In loving memory of our sweet Shane Joseph Tastinger.
“My husband and I adopted two boys from Moscow, Russia in 2002. We
landed in the United States on Memorial Day. They are natural brothers. They are the true joys of our life. I was diagnosed the first time with cancer in 1998 while pregnant, two years after we were married. We lost our baby due to the cancer diagnosis. I also was diagnosed with cancer in 2015. We waited a few years after the first cancer diagnosis and began our adoption process using Catholic Social Services in Asheville. We travelled to Moscow two times and completed a book of paperwork. The hardest part was leaving them after the first trip, not knowing when we would be able to return to bring them home. Seeing their sad faces in the window of the orphanage, and the other 50 kids standing at the window waving goodbye to us was heart-wrenching. We returned a month later. They were just a few months shy of their 3rd and 4th birthdays, and are 11 months apart. They did not speak English and we did not speak but a few key words in Russian. The first few months were interesting with the language barrier. But as is natural with kids, they learned the language quickly and were speaking by the holidays. Interestingly enough, Nicholas learned more Russian in those months than he spoke when we adopted them as the two boys would speak to each other in Russian. Jacob graduated from Franklin High in 2016 and is attending Southwestern. Nicholas will graduate from Franklin High in 2018 and plans to join the Air Force. This is truly the best experience we could have ever experienced.”

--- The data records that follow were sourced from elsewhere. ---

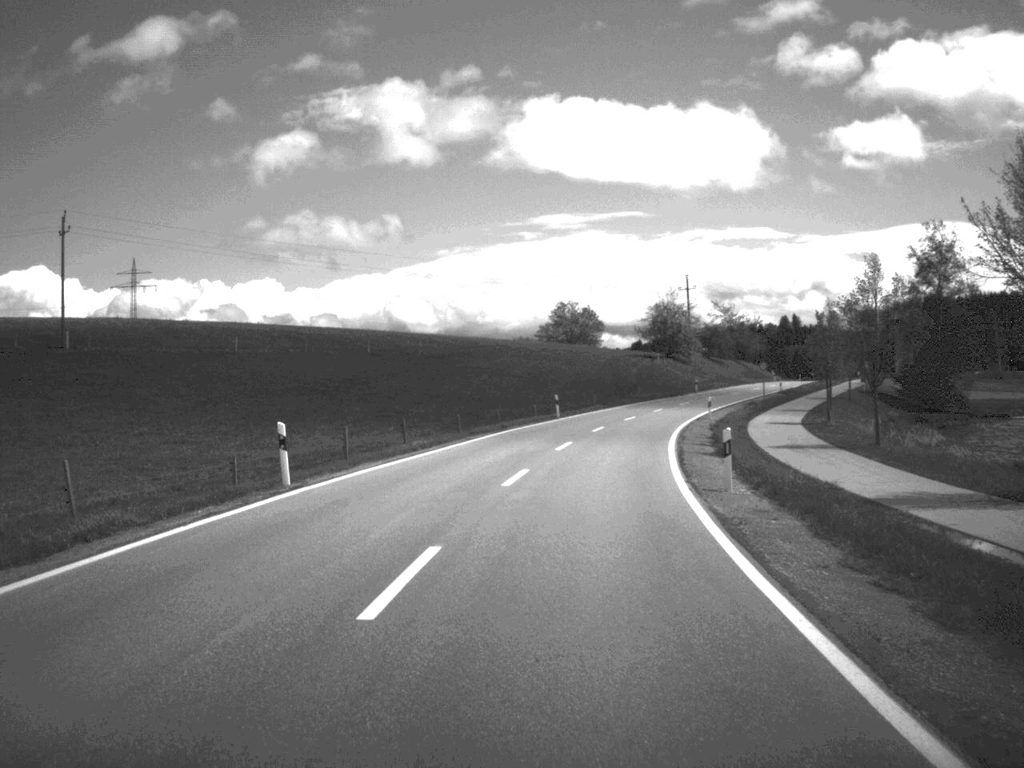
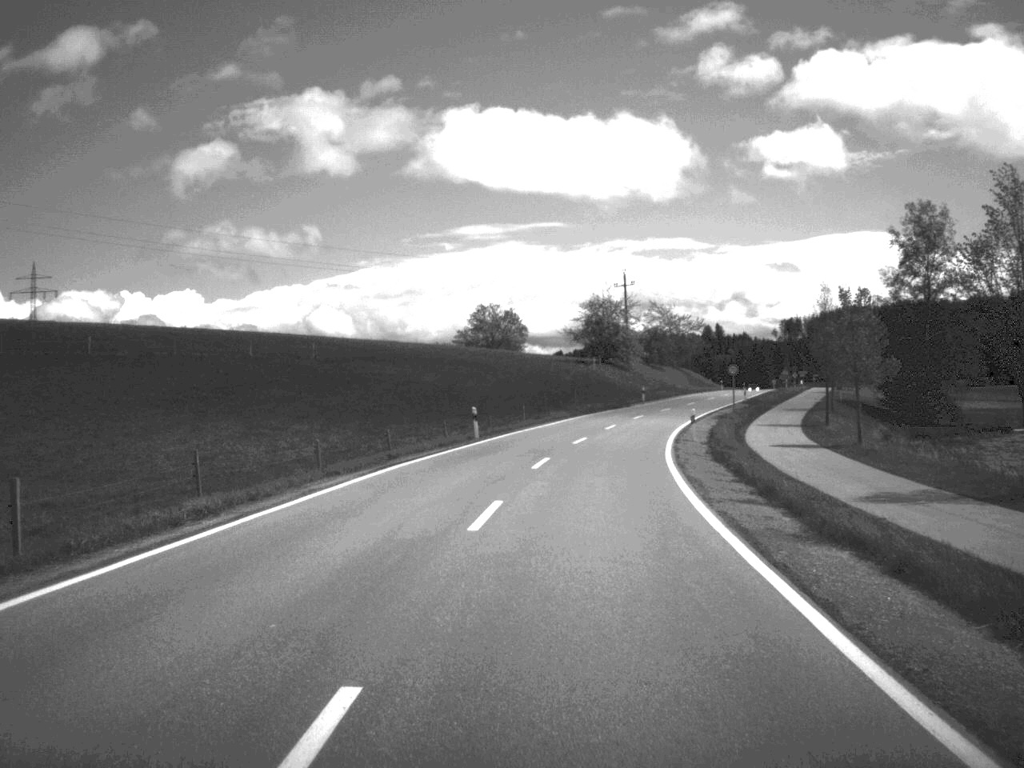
(+0.5, +17.8) m; +4°
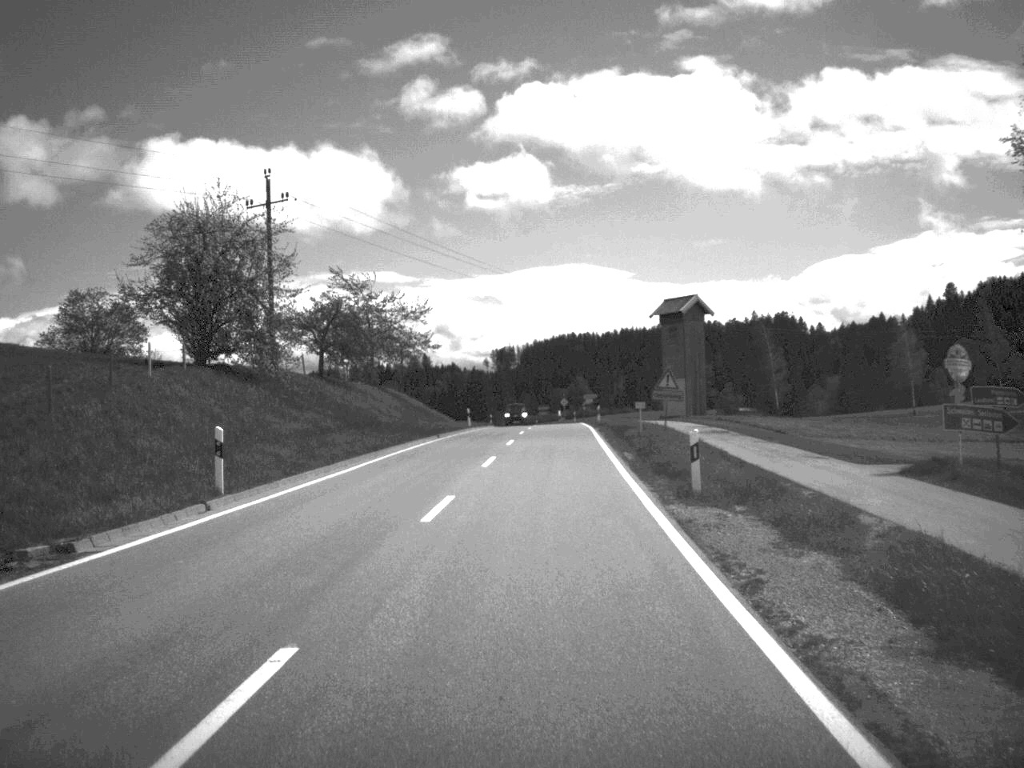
(+8.4, +69.5) m; +13°
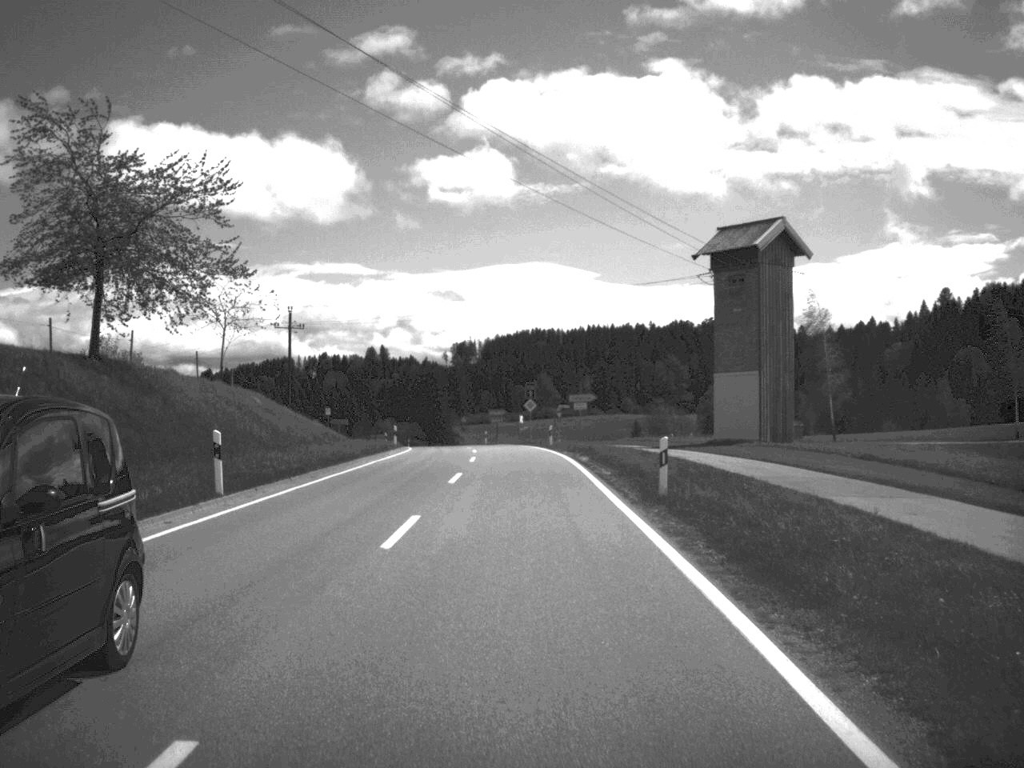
(+1.1, +50.0) m; +2°
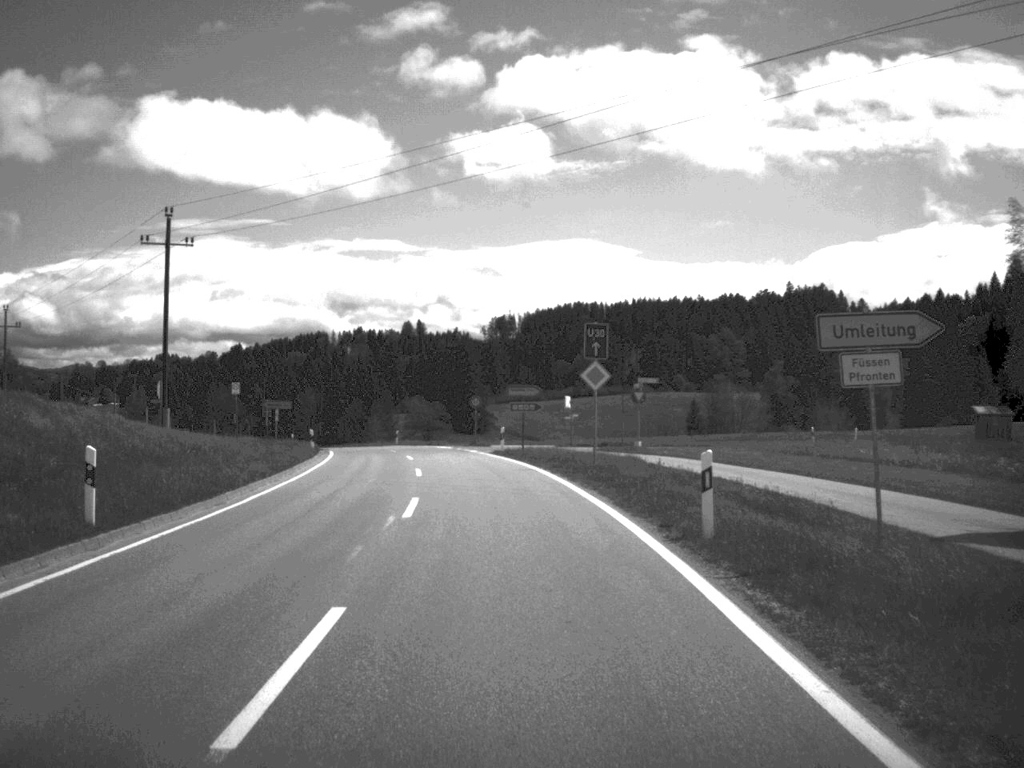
(-0.4, +43.9) m; -2°
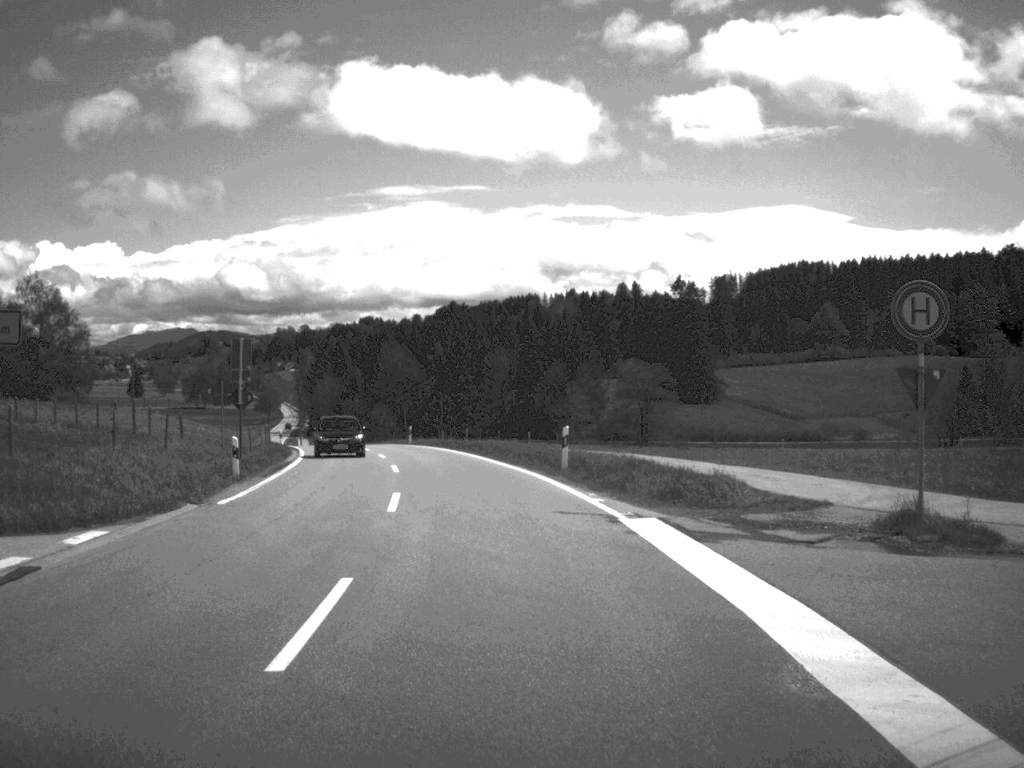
(-4.9, +58.8) m; -10°
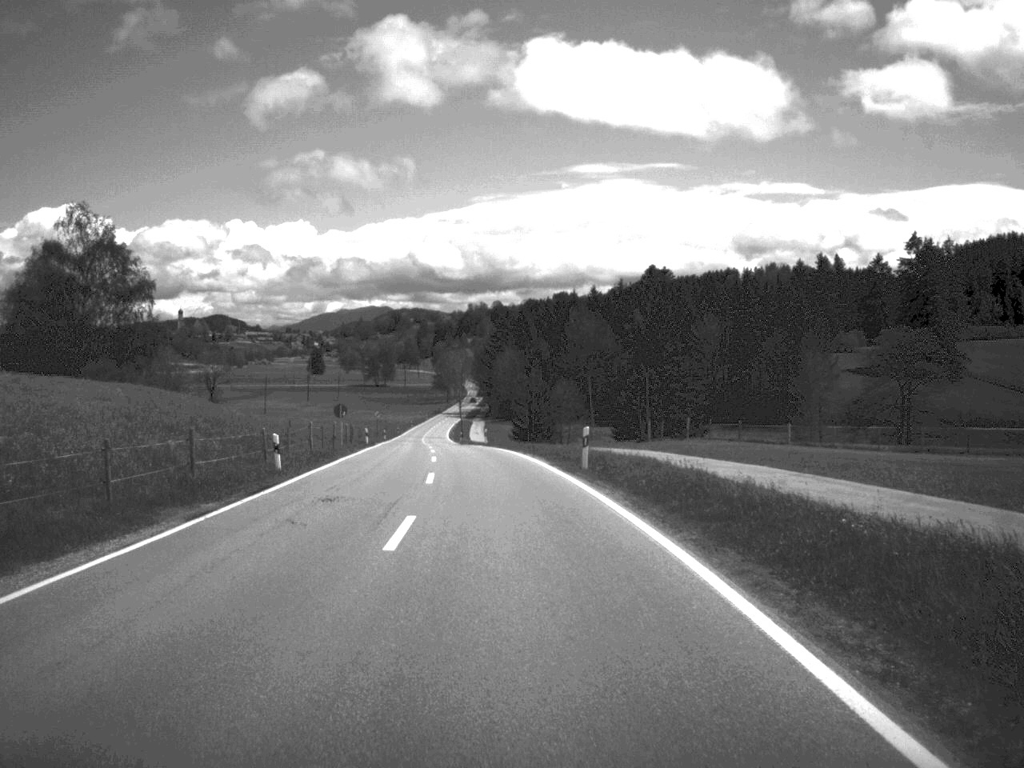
(-3.2, +41.1) m; -9°

Our adopted family started from our biological son (Camden) request to have another sibling almost 4 years ago. That begins a journey of us receiving a 4-year-old girl (Chloe) in the fall of 2013. After she went back a year later we were blessed to have the opportunity to meet Ayden who was 2 at the time. Seven months later we were able to bring Cedric home from the hospital to join our growing family. After thinking our family was completed, July 2017 brought big news with us deciding to privately adopt Chloe back into our family. Sometimes the road has not been easy, but each and every day we thank God that he brought these kids into our lives and grew our family the way he wanted it. We also thank all the hard workers at DSS who spends hours trying to find homes for each and every one of these kids.
“Even before we were married, Jerry and I talked about adoption. We believed that every child deserves a family and were willing for God to use us to provide that. We didn’t imagine then that we would be blessed so abundantly. We have adopted 13 children from foster care and privately, both domestically and internationally. There were times along the way when we thought that we were too old or didn’t have enough money to adopt. We discovered that we were wrong. No family is perfect, neither is ours, but we are grateful to have each other, even with all our flaws. There are millions of children around the world who need families. You don’t have to be special in any way to help meet this need. We would be happy to talk to anyone who may have questions.”